The government's 396-page response plan, posted on the Internet this week (http://www.pandemicflu.gov), speaks of using military forces to seal off towns and communities declared to be stricken with the disease, imposing what the document refers to as a cordon sanitaire, or sanitary barrier. Presumably this would mean armed troops manning roadblocks with orders to use deadly force to prevent people from either entering or leaving.
In a statement last month, Bush called for the use of the military in this fashion, and urged Congress to consider changing the law to give him greater latitude to deploy military forces domestically. The statement drew sharp criticism from public health officials, who suggested that Bush was proposing what amounted to martial law, a policy that has little efficacy in dealing with the threat of a pandemic.
Last week's Pentagon memo indicated that Rumsfeld could participate in the martial law component of the government’s plan. He is recusing himself only from decisions regarding the use of drugs to prevent or treat bird flu.
The problem, it seems, is that the defense secretary is a major stockholder in Gilead Sciences, the company that holds the patent on the prescription antiviral drug Tamiflu, which is said to be the most effective medicine to prevent influenza or ameliorate the symptoms among those already infected.
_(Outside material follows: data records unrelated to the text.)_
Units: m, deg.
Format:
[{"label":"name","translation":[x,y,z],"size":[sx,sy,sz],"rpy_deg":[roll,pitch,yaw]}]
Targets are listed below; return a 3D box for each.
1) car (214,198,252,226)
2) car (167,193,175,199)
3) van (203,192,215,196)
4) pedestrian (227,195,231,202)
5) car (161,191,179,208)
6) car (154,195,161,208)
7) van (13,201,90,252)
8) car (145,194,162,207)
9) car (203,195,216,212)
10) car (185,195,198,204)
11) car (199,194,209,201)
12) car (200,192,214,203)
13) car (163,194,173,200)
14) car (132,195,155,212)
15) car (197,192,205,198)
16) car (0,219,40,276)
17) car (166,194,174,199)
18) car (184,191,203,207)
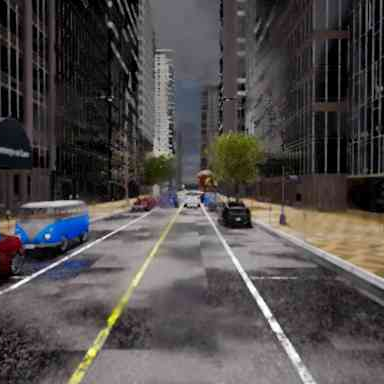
[{"label":"car","translation":[2.741,1.362,22.079],"size":[1.837,1.490,4.892],"rpy_deg":[0,0,0]},{"label":"car","translation":[-5.359,1.004,86.494],"size":[1.887,1.381,4.507],"rpy_deg":[-1,0,0]},{"label":"van","translation":[2.533,1.041,46.988],"size":[1.690,1.788,3.998],"rpy_deg":[-1,0,0]},{"label":"pedestrian","translation":[2.740,1.132,25.011],"size":[0.375,1.860,0.375],"rpy_deg":[-1,1,0]},{"label":"car","translation":[-2.859,0.954,41.820],"size":[2.150,2.045,5.566],"rpy_deg":[0,0,0]},{"label":"car","translation":[-5.344,1.280,41.308],"size":[1.887,1.381,4.507],"rpy_deg":[-1,0,0]},{"label":"van","translation":[-5.334,1.256,13.062],"size":[1.690,1.788,3.998],"rpy_deg":[-1,0,0]},{"label":"car","translation":[-5.346,1.140,46.955],"size":[1.967,1.590,4.097],"rpy_deg":[-1,0,0]},{"label":"car","translation":[2.541,1.321,35.692],"size":[2.008,1.369,4.403],"rpy_deg":[-1,0,0]},{"label":"car","translation":[-0.021,1.196,55.397],"size":[2.033,1.411,5.357],"rpy_deg":[0,0,0]},{"label":"car","translation":[2.527,1.107,69.583],"size":[1.887,1.381,4.507],"rpy_deg":[-1,0,0]},{"label":"car","translation":[2.528,0.946,58.285],"size":[2.192,1.841,5.009],"rpy_deg":[-1,0,0]},{"label":"car","translation":[-5.355,1.078,75.197],"size":[2.008,1.369,4.403],"rpy_deg":[-1,0,0]},{"label":"car","translation":[-5.339,1.353,35.658],"size":[1.802,1.307,4.206],"rpy_deg":[-1,0,0]},{"label":"car","translation":[2.517,0.865,92.177],"size":[1.967,1.590,4.097],"rpy_deg":[-1,0,0]},{"label":"car","translation":[-5.328,1.533,7.416],"size":[1.802,1.307,4.206],"rpy_deg":[-1,0,0]},{"label":"car","translation":[-5.357,1.075,80.846],"size":[1.802,1.307,4.206],"rpy_deg":[-1,0,0]},{"label":"car","translation":[0.050,0.935,44.597],"size":[2.150,2.045,5.566],"rpy_deg":[0,0,0]}]
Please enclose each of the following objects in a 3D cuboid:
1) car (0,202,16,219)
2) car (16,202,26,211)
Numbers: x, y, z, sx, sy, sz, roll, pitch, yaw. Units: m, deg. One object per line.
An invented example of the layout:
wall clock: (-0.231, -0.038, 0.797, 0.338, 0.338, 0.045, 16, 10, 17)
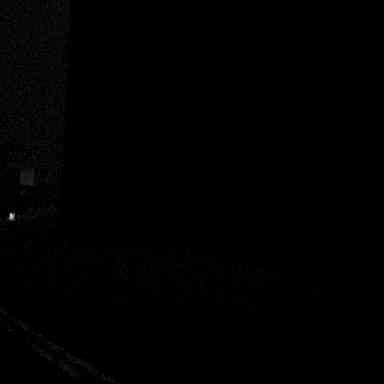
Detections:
car: (-19.478, 1.972, 32.464, 2.128, 1.511, 4.902, 3, -2, -11)
car: (-25.283, 2.074, 46.981, 1.895, 1.301, 4.718, 3, -1, -7)
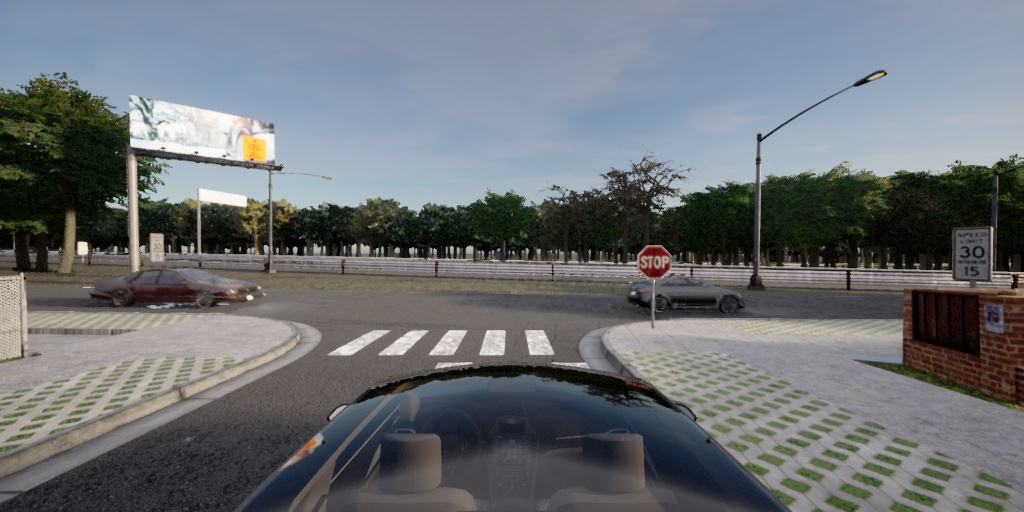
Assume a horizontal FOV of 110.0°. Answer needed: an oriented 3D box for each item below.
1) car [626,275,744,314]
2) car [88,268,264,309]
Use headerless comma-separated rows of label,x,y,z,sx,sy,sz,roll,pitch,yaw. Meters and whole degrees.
car,6.770,1.464,14.226,4.181,1.385,1.994,1,1,-3
car,-12.736,1.175,13.772,5.357,1.411,2.033,1,1,0
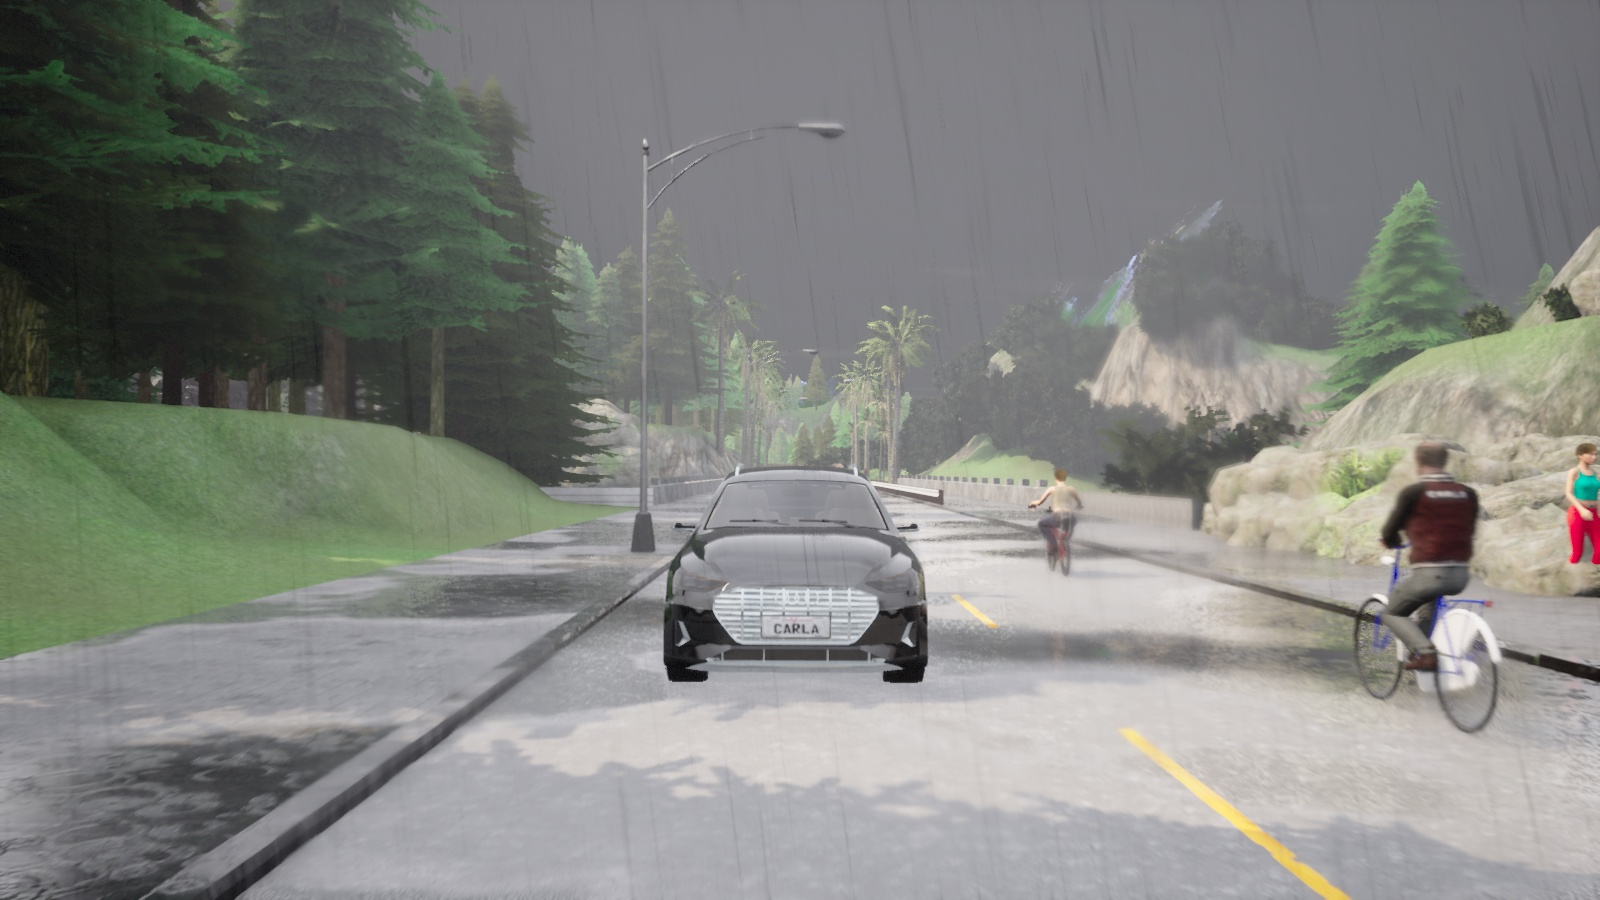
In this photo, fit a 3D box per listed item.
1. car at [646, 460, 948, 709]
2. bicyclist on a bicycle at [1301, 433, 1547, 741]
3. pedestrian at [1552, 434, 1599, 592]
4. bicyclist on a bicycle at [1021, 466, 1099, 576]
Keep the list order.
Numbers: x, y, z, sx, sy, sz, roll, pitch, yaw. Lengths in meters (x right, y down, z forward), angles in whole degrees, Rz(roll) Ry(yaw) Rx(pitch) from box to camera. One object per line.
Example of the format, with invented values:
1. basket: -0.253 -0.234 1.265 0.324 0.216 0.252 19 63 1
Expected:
1. car: -0.025 0.925 10.891 2.033 1.649 4.856 0 0 0
2. bicyclist on a bicycle: 3.980 0.807 8.192 0.659 1.776 1.843 0 -1 0
3. pedestrian: 9.358 0.738 14.979 0.345 1.836 0.594 0 -1 -11
4. bicyclist on a bicycle: 3.960 1.058 19.258 0.866 1.612 1.509 0 -1 0
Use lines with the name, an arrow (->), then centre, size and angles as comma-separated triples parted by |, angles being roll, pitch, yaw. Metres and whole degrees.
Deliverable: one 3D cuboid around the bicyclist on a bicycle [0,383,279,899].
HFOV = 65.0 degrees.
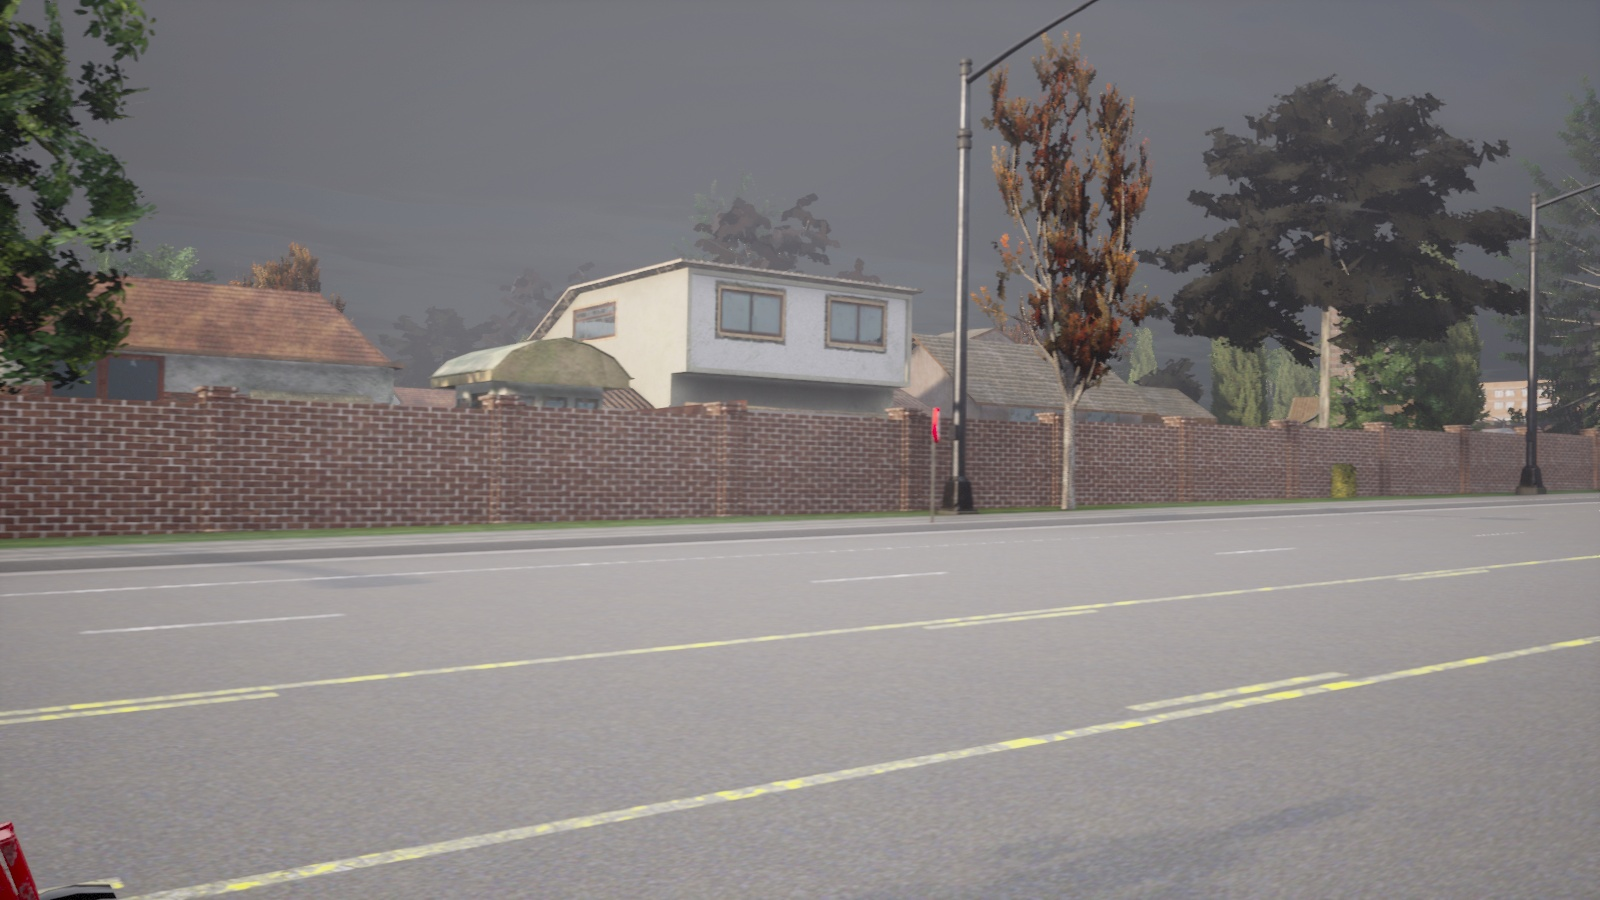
bicyclist on a bicycle -> -1.875, 0.691, 2.349 | 1.509, 1.612, 0.866 | 0, 0, -35
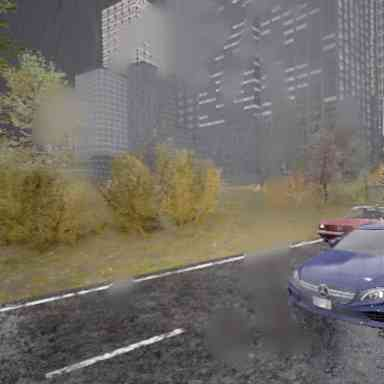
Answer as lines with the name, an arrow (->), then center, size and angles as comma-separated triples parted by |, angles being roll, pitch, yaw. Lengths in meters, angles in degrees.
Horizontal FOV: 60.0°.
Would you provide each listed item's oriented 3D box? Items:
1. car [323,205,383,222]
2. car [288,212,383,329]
car -> 6.799, 1.191, 12.492 | 4.718, 1.301, 1.895 | -3, 1, -35
car -> 3.878, 1.334, 6.442 | 4.674, 1.442, 1.812 | -3, 1, -35
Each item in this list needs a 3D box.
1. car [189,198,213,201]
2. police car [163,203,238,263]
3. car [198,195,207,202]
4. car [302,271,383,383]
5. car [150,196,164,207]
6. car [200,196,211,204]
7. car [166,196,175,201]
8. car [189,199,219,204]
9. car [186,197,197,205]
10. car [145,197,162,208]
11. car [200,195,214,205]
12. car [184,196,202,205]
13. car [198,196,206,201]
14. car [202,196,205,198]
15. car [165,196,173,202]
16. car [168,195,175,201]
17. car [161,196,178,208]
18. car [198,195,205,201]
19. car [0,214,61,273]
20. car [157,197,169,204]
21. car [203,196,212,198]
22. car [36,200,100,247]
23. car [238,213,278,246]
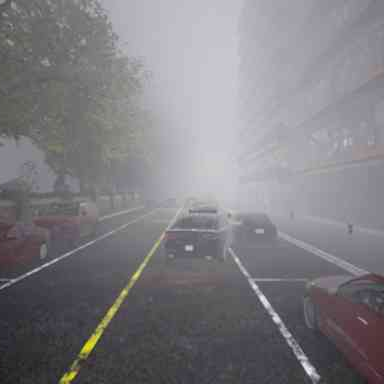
[{"bbox_3d":[0.884,1.512,27.982,1.882,1.535,5.008,0,0,0],"label":"car"},{"bbox_3d":[0.436,1.439,12.279,1.930,1.638,5.238,0,0,12],"label":"police car"},{"bbox_3d":[2.640,1.591,82.785,1.967,1.590,4.097,0,0,0],"label":"car"},{"bbox_3d":[2.687,1.586,3.961,1.802,1.307,4.206,0,0,0],"label":"car"},{"bbox_3d":[-5.723,1.526,54.627,1.967,1.590,4.097,0,0,0],"label":"car"},{"bbox_3d":[2.651,1.549,65.895,1.967,1.590,4.097,0,0,0],"label":"car"},{"bbox_3d":[-5.742,1.718,88.410,2.008,1.369,4.403,0,0,0],"label":"car"},{"bbox_3d":[0.888,1.482,22.172,1.801,1.575,5.366,0,0,0],"label":"car"},{"bbox_3d":[-0.036,1.667,62.571,1.994,1.385,4.181,0,0,0],"label":"car"},{"bbox_3d":[-5.720,1.514,48.999,1.967,1.590,4.097,0,0,0],"label":"car"},{"bbox_3d":[2.653,1.412,60.264,2.192,1.841,5.009,0,0,0],"label":"car"},{"bbox_3d":[-0.018,1.422,47.429,2.097,1.767,4.553,0,0,0],"label":"car"},{"bbox_3d":[2.638,1.732,88.415,1.947,1.339,4.313,0,0,0],"label":"car"},{"bbox_3d":[2.661,1.617,49.004,1.887,1.381,4.507,0,0,0],"label":"car"},{"bbox_3d":[-5.739,1.677,82.609,1.752,1.417,4.829,0,0,0],"label":"car"},{"bbox_3d":[-5.746,1.709,93.871,1.752,1.417,4.829,0,0,0],"label":"car"},{"bbox_3d":[-3.035,1.584,49.071,1.837,1.490,4.892,0,-1,0],"label":"car"},{"bbox_3d":[2.634,1.708,94.217,1.752,1.417,4.829,0,0,0],"label":"car"},{"bbox_3d":[-5.696,1.556,9.586,1.887,1.381,4.507,0,0,0],"label":"car"},{"bbox_3d":[-5.729,1.661,65.889,2.008,1.369,4.403,0,0,0],"label":"car"},{"bbox_3d":[2.665,1.606,43.374,1.887,1.381,4.507,0,0,0],"label":"car"},{"bbox_3d":[-5.699,1.333,15.219,2.192,1.841,5.009,0,0,0],"label":"car"},{"bbox_3d":[2.681,1.583,15.223,1.947,1.339,4.313,0,0,0],"label":"car"}]
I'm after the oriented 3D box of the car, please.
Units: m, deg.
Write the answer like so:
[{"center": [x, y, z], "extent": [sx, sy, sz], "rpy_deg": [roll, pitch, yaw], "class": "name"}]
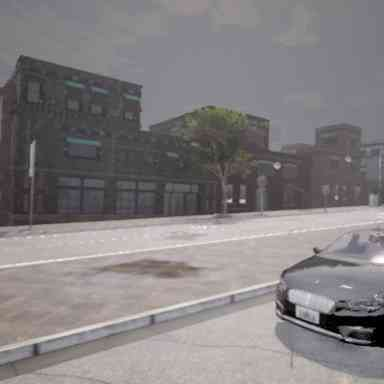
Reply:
[{"center": [3.593, 1.453, 6.178], "extent": [4.902, 1.511, 2.128], "rpy_deg": [0, 0, -37], "class": "car"}]
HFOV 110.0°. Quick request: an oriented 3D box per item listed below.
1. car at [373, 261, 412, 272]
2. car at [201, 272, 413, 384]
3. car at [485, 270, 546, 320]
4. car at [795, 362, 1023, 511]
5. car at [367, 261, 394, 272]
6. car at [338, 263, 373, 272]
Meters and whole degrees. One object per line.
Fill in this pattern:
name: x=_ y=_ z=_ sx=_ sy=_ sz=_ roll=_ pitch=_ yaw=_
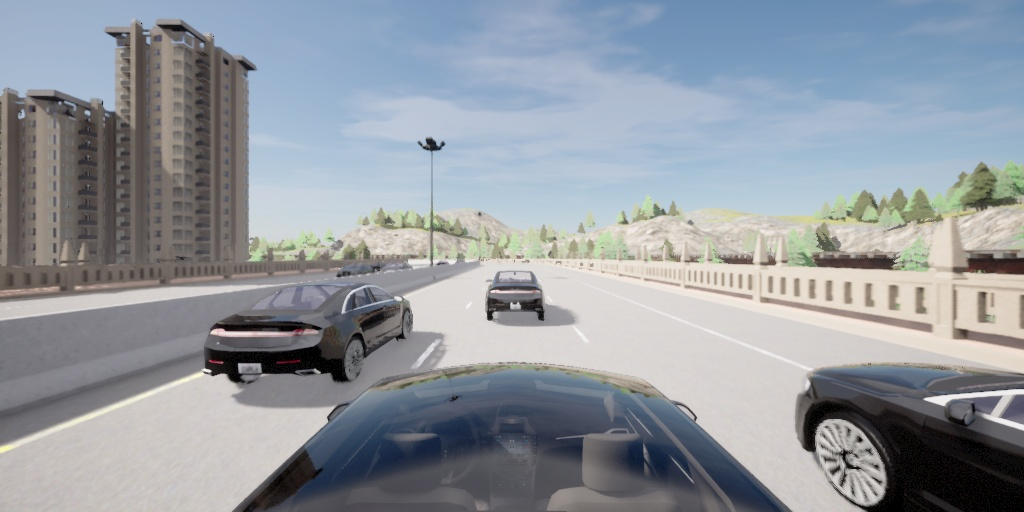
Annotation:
car: x=-10.589 y=1.263 z=32.965 sx=2.128 sy=1.511 sz=4.902 roll=0 pitch=0 yaw=0
car: x=-3.399 y=1.244 z=7.076 sx=2.128 sy=1.511 sz=4.902 roll=0 pitch=0 yaw=0
car: x=0.102 y=1.246 z=12.681 sx=2.128 sy=1.511 sz=4.902 roll=0 pitch=0 yaw=0
car: x=3.599 y=1.241 z=1.408 sx=2.128 sy=1.511 sz=4.902 roll=0 pitch=0 yaw=0
car: x=-17.566 y=1.405 z=48.024 sx=1.895 sy=1.301 sz=4.718 roll=0 pitch=0 yaw=0
car: x=-14.088 y=1.335 z=32.505 sx=1.994 sy=1.385 sz=4.181 roll=0 pitch=0 yaw=0

From 1997 until he came back to Washington in 2001 to head the Pentagon and prepare for the war against Iraq, Rumsfeld was Gilead's CEO. He separated with the corporation on very profitable terms and still holds Gilead stock worth up to $25 million, according to his recent federal financial disclosures. The stock's price has soared from $35 to over $50 over the past six months as fears of the pandemic have grown.
As Fortune magazine put it on its web site, "The prospect of a bird flu outbreak may be panicking people around the globe, but it’s proving to be very good news for Defense Secretary Donald Rumsfeld and other politically connected investors in the California biotech company that owns the rights to Tamiflu..."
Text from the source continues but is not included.